Ion kromium (III) (atau kromi, Cr3+) adalah stabil, dan diturunkan dari
dikromium trioksida (atau kromium trioksida), Cr2O3. Dalam larutan, ion-ion ini
berwarna hijau atau lembayung (Svehla, 1985:271).
Oksida kromium bersama-sama ionnya yang penting yaitu Cr2O3-hijau,
dan CrO3-merah tua. Kromium (IV) oksida, CrO2-coklat kehitaman, juga dikenal
dan sangat bermanfaat karena sifatnya feromagnetik yang sangat baik untuk bahan
pembuatan pita rekaman magnetik seperti pita kaset atau video, namun hanya
sedikit senyawa kromium (IV) yang dikenal. Seperti halnya pada oksida
vanadium, sifat basa oksida hidroksida kromium menurun atau sifat asam naik
dengan naiknya tingkat oksidasi. Oleh karena itu, Cr2O3 demikian juga Cr(OH)3
bersifat amfoterik seperti halnya oksida dan hidroksida aluminium, sedangkan
CrO3 bersifat asam. Hal ini dapat dipahami bahwa Cr (VI) mempunyai jari-jari
ionik pendek dan rapatan muatan tinggi sehingga mempunyai kecenderungan
yang lebih besar sebagai akseptor electron, dan dengan demikian bersifat asam.

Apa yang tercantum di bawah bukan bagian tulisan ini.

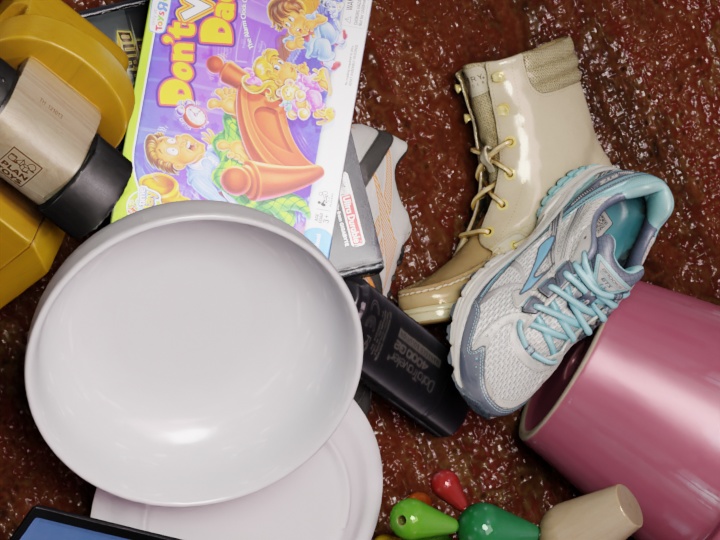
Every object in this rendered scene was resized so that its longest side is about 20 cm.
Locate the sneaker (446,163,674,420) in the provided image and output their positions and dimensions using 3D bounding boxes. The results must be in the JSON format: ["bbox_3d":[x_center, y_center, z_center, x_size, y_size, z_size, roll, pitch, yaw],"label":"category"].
[{"bbox_3d":[0.129,0.008,1.685,0.078,0.086,0.200,45,64,-25],"label":"sneaker"}]

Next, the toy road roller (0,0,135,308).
[{"bbox_3d":[-0.215,-0.078,1.575,0.123,0.200,0.146,38,41,-20],"label":"toy road roller"}]

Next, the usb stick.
[{"bbox_3d":[0.024,0.057,1.685,0.200,0.032,0.056,39,68,-60],"label":"usb stick"}]

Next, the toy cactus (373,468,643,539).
[{"bbox_3d":[0.109,0.184,1.720,0.200,0.165,0.103,46,27,-27],"label":"toy cactus"}]

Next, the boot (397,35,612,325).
[{"bbox_3d":[0.087,-0.059,1.753,0.199,0.073,0.156,-25,102,-29],"label":"boot"}]

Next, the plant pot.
[{"bbox_3d":[0.212,0.099,1.758,0.178,0.200,0.201,30,75,-5],"label":"plant pot"}]

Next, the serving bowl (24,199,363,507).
[{"bbox_3d":[-0.102,0.040,1.562,0.199,0.066,0.201,-6,122,-10],"label":"serving bowl"}]

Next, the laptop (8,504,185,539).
[{"bbox_3d":[-0.157,0.257,1.611,0.176,0.103,0.201,17,81,-24],"label":"laptop"}]

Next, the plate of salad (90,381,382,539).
[{"bbox_3d":[-0.080,0.147,1.673,0.199,0.048,0.201,-9,112,-23],"label":"plate of salad"}]

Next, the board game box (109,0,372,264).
[{"bbox_3d":[-0.071,-0.107,1.609,0.134,0.045,0.201,10,82,-5],"label":"board game box"}]

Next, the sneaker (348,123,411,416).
[{"bbox_3d":[0.000,0.000,1.714,0.080,0.074,0.201,0,89,-28],"label":"sneaker"}]

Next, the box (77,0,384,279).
[{"bbox_3d":[-0.085,-0.077,1.650,0.158,0.046,0.201,-13,84,-7],"label":"box"}]
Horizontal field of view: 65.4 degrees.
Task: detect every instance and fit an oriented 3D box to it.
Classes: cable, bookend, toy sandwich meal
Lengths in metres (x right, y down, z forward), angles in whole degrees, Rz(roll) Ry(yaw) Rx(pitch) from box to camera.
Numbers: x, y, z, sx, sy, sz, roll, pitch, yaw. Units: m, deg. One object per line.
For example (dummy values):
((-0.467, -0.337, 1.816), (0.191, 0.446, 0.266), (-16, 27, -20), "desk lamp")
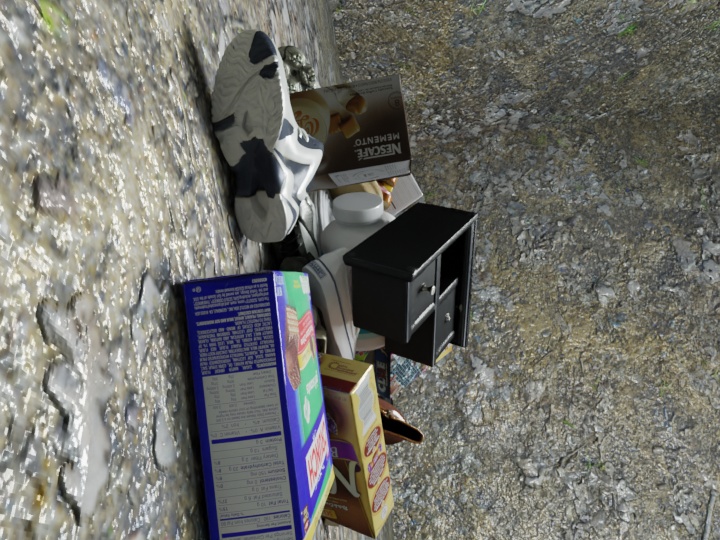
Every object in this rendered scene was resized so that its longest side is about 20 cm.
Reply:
((-0.069, -0.033, 0.904), (0.203, 0.067, 0.204), (79, 5, -47), "cable")
((0.068, 0.045, 0.713), (0.199, 0.090, 0.205), (-36, 132, -51), "bookend")
((-0.029, -0.166, 0.908), (0.071, 0.201, 0.206), (-59, 164, -16), "toy sandwich meal")

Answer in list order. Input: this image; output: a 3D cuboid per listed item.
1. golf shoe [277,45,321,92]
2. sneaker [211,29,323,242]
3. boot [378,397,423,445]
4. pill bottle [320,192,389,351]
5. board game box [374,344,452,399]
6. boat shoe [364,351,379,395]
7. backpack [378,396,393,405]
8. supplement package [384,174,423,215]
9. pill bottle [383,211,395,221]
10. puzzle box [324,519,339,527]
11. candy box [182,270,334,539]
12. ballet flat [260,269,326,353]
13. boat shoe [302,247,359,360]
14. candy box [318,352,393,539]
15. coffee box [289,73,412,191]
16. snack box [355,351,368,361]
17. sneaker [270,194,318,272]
((-0.086, -0.282, 0.940), (0.098, 0.077, 0.203), (-116, -179, -57), "golf shoe")
((-0.089, -0.146, 0.589), (0.130, 0.077, 0.205), (-68, 153, -61), "sneaker")
((0.030, 0.194, 0.749), (0.069, 0.187, 0.199), (-57, -161, -19), "boot")
((0.000, 0.000, 0.783), (0.112, 0.107, 0.206), (-90, 178, -63), "pill bottle")
((0.095, 0.110, 0.953), (0.198, 0.034, 0.140), (-24, 121, -47), "board game box")
((0.028, 0.174, 0.975), (0.074, 0.067, 0.206), (91, 1, -65), "boat shoe")
((0.013, 0.255, 1.216), (0.200, 0.122, 0.173), (-85, 178, -77), "backpack")
((0.004, -0.137, 1.060), (0.122, 0.197, 0.121), (56, 7, -6), "supplement package")
((0.039, -0.029, 0.936), (0.199, 0.110, 0.116), (32, 47, -56), "pill bottle")
((-0.030, 0.287, 0.912), (0.201, 0.025, 0.137), (-89, -171, -70), "puzzle box")
((-0.077, 0.107, 0.472), (0.169, 0.074, 0.207), (11, 73, -87), "candy box")
((-0.074, 0.067, 0.668), (0.203, 0.062, 0.069), (78, 11, -51), "ballet flat")
((-0.021, 0.057, 0.711), (0.073, 0.065, 0.203), (43, -26, 33), "boat shoe")
((-0.032, 0.194, 0.633), (0.056, 0.114, 0.206), (-42, 130, -48), "candy box")
((-0.034, -0.173, 0.739), (0.080, 0.193, 0.118), (49, 34, -82), "coffee box")
((-0.027, 0.103, 0.964), (0.202, 0.052, 0.145), (-91, -157, -59), "snack box")
((-0.082, -0.018, 0.707), (0.092, 0.064, 0.205), (-96, 179, -53), "sneaker")
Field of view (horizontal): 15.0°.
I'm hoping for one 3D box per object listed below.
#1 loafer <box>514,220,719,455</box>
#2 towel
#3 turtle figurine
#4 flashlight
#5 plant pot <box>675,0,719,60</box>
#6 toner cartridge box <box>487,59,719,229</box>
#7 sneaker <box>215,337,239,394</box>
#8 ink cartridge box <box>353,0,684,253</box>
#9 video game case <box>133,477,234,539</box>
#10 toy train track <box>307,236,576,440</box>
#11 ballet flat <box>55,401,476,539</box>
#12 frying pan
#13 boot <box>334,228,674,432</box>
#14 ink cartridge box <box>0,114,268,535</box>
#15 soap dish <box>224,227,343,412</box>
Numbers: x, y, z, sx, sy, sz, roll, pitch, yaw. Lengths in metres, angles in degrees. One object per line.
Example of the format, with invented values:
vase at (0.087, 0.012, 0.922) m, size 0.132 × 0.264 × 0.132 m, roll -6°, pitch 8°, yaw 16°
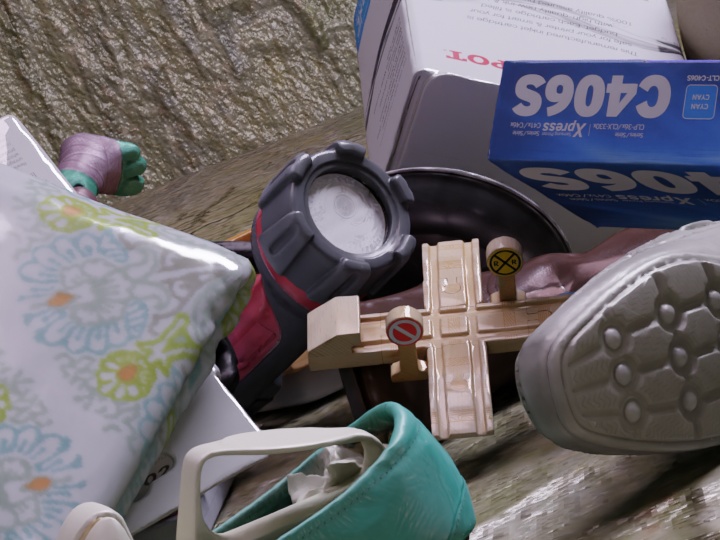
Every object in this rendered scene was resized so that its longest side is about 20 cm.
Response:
loafer at (0.115, 0.020, 0.942) m, size 0.070 × 0.070 × 0.199 m, roll -10°, pitch 4°, yaw 43°
towel at (-0.156, 0.045, 1.017) m, size 0.048 × 0.170 × 0.201 m, roll 97°, pitch -162°, yaw -55°
turtle figurine at (-0.160, 0.023, 1.365) m, size 0.149 × 0.101 × 0.201 m, roll -32°, pitch 28°, yaw 29°
flashlight at (-0.047, 0.016, 1.230) m, size 0.068 × 0.068 × 0.200 m, roll -25°, pitch -11°, yaw -38°
plant pot at (0.234, -0.130, 1.357) m, size 0.200 × 0.201 × 0.135 m, roll -26°, pitch -18°, yaw -37°
toner cartridge box at (0.157, -0.045, 1.031) m, size 0.199 × 0.043 × 0.095 m, roll 3°, pitch -13°, yaw 35°
sneaker at (-0.136, 0.067, 1.156) m, size 0.199 × 0.077 × 0.111 m, roll -19°, pitch -6°, yaw -44°
ink cartridge box at (0.078, -0.098, 1.354) m, size 0.144 × 0.084 × 0.200 m, roll 11°, pitch 31°, yaw -11°
video game case at (-0.151, 0.126, 1.148) m, size 0.199 × 0.018 × 0.143 m, roll -21°, pitch 7°, yaw 6°
toy train track at (0.077, 0.010, 1.046) m, size 0.199 × 0.033 × 0.115 m, roll -5°, pitch 39°, yaw 3°
ballet flat at (-0.056, 0.096, 0.863) m, size 0.199 × 0.071 × 0.067 m, roll -25°, pitch 8°, yaw -24°
frying pan at (0.003, -0.010, 1.243) m, size 0.189 × 0.115 × 0.031 m, roll 12°, pitch 51°, yaw 3°
boot at (0.095, 0.013, 1.118) m, size 0.199 × 0.065 × 0.186 m, roll -15°, pitch 10°, yaw 13°
ink cartridge box at (-0.133, 0.045, 1.087) m, size 0.115 × 0.200 × 0.068 m, roll -28°, pitch -31°, yaw -21°
soap dish at (-0.007, 0.002, 1.402) m, size 0.199 × 0.082 × 0.157 m, roll -27°, pitch 9°, yaw -33°

Kromium (III) oksida, Cr2O3 dapat diperoleh dari dekomposis termal ammonium
dikromat menurut persamaan reaksi berikut:

(NH4)2Cr2O7 (s) 
 Cr2O3 (s) + N2 (g) + 4 H2O (g)
Kromium (III) oksida merupakan oksida kromium yang paling stabil mengadopsi
struktur corundum, dan digunakan untuk pigmen hijau. Oksida ini bersifat
semikonduktor dan antiferomagnetik di bawah 35oC (Sugiyarto, 2001:12.5).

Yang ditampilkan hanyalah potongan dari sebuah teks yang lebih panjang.